Informasi tersebut disebar melalui unggahan video oleh kanal YouTube Planet Persib pada Selasa (9/5/2023). "AKHIRNYA DATANG, Enric Saborit Diresmikan Persib!! Opsi Pinjamkan Febri Hariyadi ke Klub Lain," judul unggahan tersebut.
Gambar sampul video tersebut menampilkan Enric Saborit yang mengenakan jersey Persib. Ada pula foto Saborit sedang membentangkan jersey Persib di samping Direktur PT Persib Bandung Bermartabat (PBB) Teddy Tjahyono.
"AKHIRNYA DATANG ENRIC SABORIT SEGERA DIRESMIKAN PERSIB," tulisan yang dicantumkan dalam thumbnail tersebut.
Selain itu, dalam thumbnail pun diperlihatkan potret monokrom Febry Hariyadi dengan tulisan "Dipinjamkan."
Lantas, benarkah klaim tersebut?
Penjelasan
Setelah ditonton sampai akhir, video berdurasi tiga menit, lima detik tersebut hanya membahas masalah rumor terkait kemungkinan Persib mengontrak Enric Saborit.
Dugaan tersebut menguat karena Enric merupakan anak asuh Luis Milla di Timnas Spanyol usia muda.
Narator menjelaskan tentang kemungkinan Persib meminjamkan Febri Hariyadi karena alasan menurunya performa pemain bernomor punggung 13 tersebut.
Baca Juga: Alasan Hakim Jatuhkan Vonis Penjara Seumur Hidup bagi Teddy Minahasa
Tidak ada bukti valid yang menguatkan informasi terkait resminya Enric Saborit dikontrak Persib. Narator dalam video tersebut hanya menjelaskan tentang berbagai isu yang beredar terkait bursa transfer Liga 1 di kubu Persib.

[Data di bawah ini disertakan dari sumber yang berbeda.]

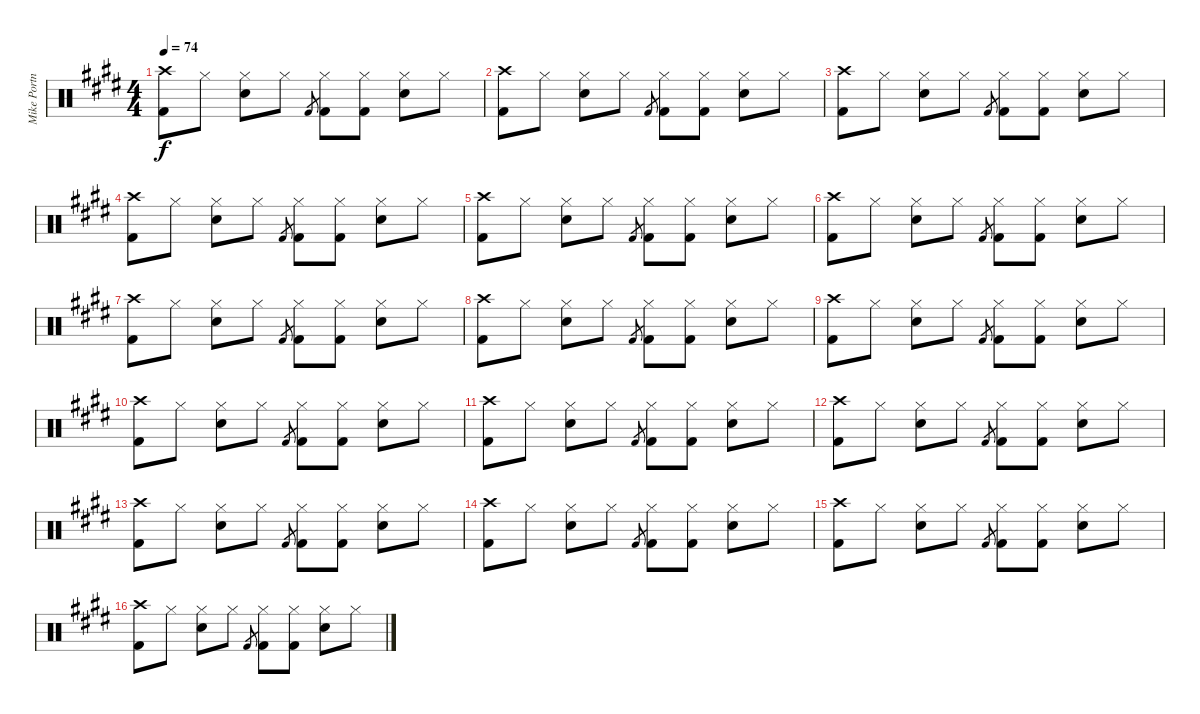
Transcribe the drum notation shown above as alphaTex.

\track ("Mike Portnoy" "Mike Portn") {instrument percussion}
\staff {score}
\articulation defaults
\ts (4 4)
\tempo 74
\clef neutral
\ks e
("Crash high (hit)" "Kick (hit) 2").8{dy f} "Hi-Hat (closed)".8 ("Hi-Hat (closed)" "Snare (hit) 2").8 "Hi-Hat (closed)".8 "Kick (hit) 2".8{gr} ("Hi-Hat (closed)" "Kick (hit) 2").8 ("Hi-Hat (closed)" "Kick (hit) 2").8 ("Hi-Hat (closed)" "Snare (hit) 2").8 "Hi-Hat (closed)".8 |
("Crash high (hit)" "Kick (hit) 2").8 "Hi-Hat (closed)".8 ("Hi-Hat (closed)" "Snare (hit) 2").8 "Hi-Hat (closed)".8 "Kick (hit) 2".8{gr} ("Hi-Hat (closed)" "Kick (hit) 2").8 ("Hi-Hat (closed)" "Kick (hit) 2").8 ("Hi-Hat (closed)" "Snare (hit) 2").8 "Hi-Hat (closed)".8 |
("Crash high (hit)" "Kick (hit) 2").8 "Hi-Hat (closed)".8 ("Hi-Hat (closed)" "Snare (hit) 2").8 "Hi-Hat (closed)".8 "Kick (hit) 2".8{gr} ("Hi-Hat (closed)" "Kick (hit) 2").8 ("Hi-Hat (closed)" "Kick (hit) 2").8 ("Hi-Hat (closed)" "Snare (hit) 2").8 "Hi-Hat (closed)".8 |
("Crash high (hit)" "Kick (hit) 2").8 "Hi-Hat (closed)".8 ("Hi-Hat (closed)" "Snare (hit) 2").8 "Hi-Hat (closed)".8 "Kick (hit) 2".8{gr} ("Hi-Hat (closed)" "Kick (hit) 2").8 ("Hi-Hat (closed)" "Kick (hit) 2").8 ("Hi-Hat (closed)" "Snare (hit) 2").8 "Hi-Hat (closed)".8 |
("Crash high (hit)" "Kick (hit) 2").8 "Hi-Hat (closed)".8 ("Hi-Hat (closed)" "Snare (hit) 2").8 "Hi-Hat (closed)".8 "Kick (hit) 2".8{gr} ("Hi-Hat (closed)" "Kick (hit) 2").8 ("Hi-Hat (closed)" "Kick (hit) 2").8 ("Hi-Hat (closed)" "Snare (hit) 2").8 "Hi-Hat (closed)".8 |
("Crash high (hit)" "Kick (hit) 2").8 "Hi-Hat (closed)".8 ("Hi-Hat (closed)" "Snare (hit) 2").8 "Hi-Hat (closed)".8 "Kick (hit) 2".8{gr} ("Hi-Hat (closed)" "Kick (hit) 2").8 ("Hi-Hat (closed)" "Kick (hit) 2").8 ("Hi-Hat (closed)" "Snare (hit) 2").8 "Hi-Hat (closed)".8 |
("Crash high (hit)" "Kick (hit) 2").8 "Hi-Hat (closed)".8 ("Hi-Hat (closed)" "Snare (hit) 2").8 "Hi-Hat (closed)".8 "Kick (hit) 2".8{gr} ("Hi-Hat (closed)" "Kick (hit) 2").8 ("Hi-Hat (closed)" "Kick (hit) 2").8 ("Hi-Hat (closed)" "Snare (hit) 2").8 "Hi-Hat (closed)".8 |
("Crash high (hit)" "Kick (hit) 2").8 "Hi-Hat (closed)".8 ("Hi-Hat (closed)" "Snare (hit) 2").8 "Hi-Hat (closed)".8 "Kick (hit) 2".8{gr} ("Hi-Hat (closed)" "Kick (hit) 2").8 ("Hi-Hat (closed)" "Kick (hit) 2").8 ("Hi-Hat (closed)" "Snare (hit) 2").8 "Hi-Hat (closed)".8 |
("Crash high (hit)" "Kick (hit) 2").8 "Hi-Hat (closed)".8 ("Hi-Hat (closed)" "Snare (hit) 2").8 "Hi-Hat (closed)".8 "Kick (hit) 2".8{gr} ("Hi-Hat (closed)" "Kick (hit) 2").8 ("Hi-Hat (closed)" "Kick (hit) 2").8 ("Hi-Hat (closed)" "Snare (hit) 2").8 "Hi-Hat (closed)".8 |
("Crash high (hit)" "Kick (hit) 2").8 "Hi-Hat (closed)".8 ("Hi-Hat (closed)" "Snare (hit) 2").8 "Hi-Hat (closed)".8 "Kick (hit) 2".8{gr} ("Hi-Hat (closed)" "Kick (hit) 2").8 ("Hi-Hat (closed)" "Kick (hit) 2").8 ("Hi-Hat (closed)" "Snare (hit) 2").8 "Hi-Hat (closed)".8 |
("Crash high (hit)" "Kick (hit) 2").8 "Hi-Hat (closed)".8 ("Hi-Hat (closed)" "Snare (hit) 2").8 "Hi-Hat (closed)".8 "Kick (hit) 2".8{gr} ("Hi-Hat (closed)" "Kick (hit) 2").8 ("Hi-Hat (closed)" "Kick (hit) 2").8 ("Hi-Hat (closed)" "Snare (hit) 2").8 "Hi-Hat (closed)".8 |
("Crash high (hit)" "Kick (hit) 2").8 "Hi-Hat (closed)".8 ("Hi-Hat (closed)" "Snare (hit) 2").8 "Hi-Hat (closed)".8 "Kick (hit) 2".8{gr} ("Hi-Hat (closed)" "Kick (hit) 2").8 ("Hi-Hat (closed)" "Kick (hit) 2").8 ("Hi-Hat (closed)" "Snare (hit) 2").8 "Hi-Hat (closed)".8 |
("Crash high (hit)" "Kick (hit) 2").8 "Hi-Hat (closed)".8 ("Hi-Hat (closed)" "Snare (hit) 2").8 "Hi-Hat (closed)".8 "Kick (hit) 2".8{gr} ("Hi-Hat (closed)" "Kick (hit) 2").8 ("Hi-Hat (closed)" "Kick (hit) 2").8 ("Hi-Hat (closed)" "Snare (hit) 2").8 "Hi-Hat (closed)".8 |
("Crash high (hit)" "Kick (hit) 2").8 "Hi-Hat (closed)".8 ("Hi-Hat (closed)" "Snare (hit) 2").8 "Hi-Hat (closed)".8 "Kick (hit) 2".8{gr} ("Hi-Hat (closed)" "Kick (hit) 2").8 ("Hi-Hat (closed)" "Kick (hit) 2").8 ("Hi-Hat (closed)" "Snare (hit) 2").8 "Hi-Hat (closed)".8 |
("Crash high (hit)" "Kick (hit) 2").8 "Hi-Hat (closed)".8 ("Hi-Hat (closed)" "Snare (hit) 2").8 "Hi-Hat (closed)".8 "Kick (hit) 2".8{gr} ("Hi-Hat (closed)" "Kick (hit) 2").8 ("Hi-Hat (closed)" "Kick (hit) 2").8 ("Hi-Hat (closed)" "Snare (hit) 2").8 "Hi-Hat (closed)".8 |
("Crash high (hit)" "Kick (hit) 2").8 "Hi-Hat (closed)".8 ("Hi-Hat (closed)" "Snare (hit) 2").8 "Hi-Hat (closed)".8 "Kick (hit) 2".8{gr} ("Hi-Hat (closed)" "Kick (hit) 2").8 ("Hi-Hat (closed)" "Kick (hit) 2").8 ("Hi-Hat (closed)" "Snare (hit) 2").8 "Hi-Hat (closed)".8

Melihat website resmi Persib pada Selasa sore (9/5/2023) tidak ada informasi terkait perekrutan pemain baru. Kabar terbaru di laman resmi Persib yakni tentang wafatnya ayahanda pemain Persib, Dedi Kusnandar.
Terkini, Persib belum mengumumkan terkait rekrutan pemain asing di bursa transfer Liga 1 2023/2024. Media Officer Persib, Jatnika Sadili mengatakan informasi terkait Saborit hanya rumor belaka.
"Itu hanya rumor saja. Pokoknya masalah transfer pemain baru pasti akan lebih dulu dikabarkan lewat website resmi atau akun media sosial kami," kata Jatnika.
Thumbnail video tersebut pun diduga merupakan hasil editan alias rekayasa digital dengan cara membingkai beberapa foto dan diedit seolah sebuah peristiwa benar-benar terjadi.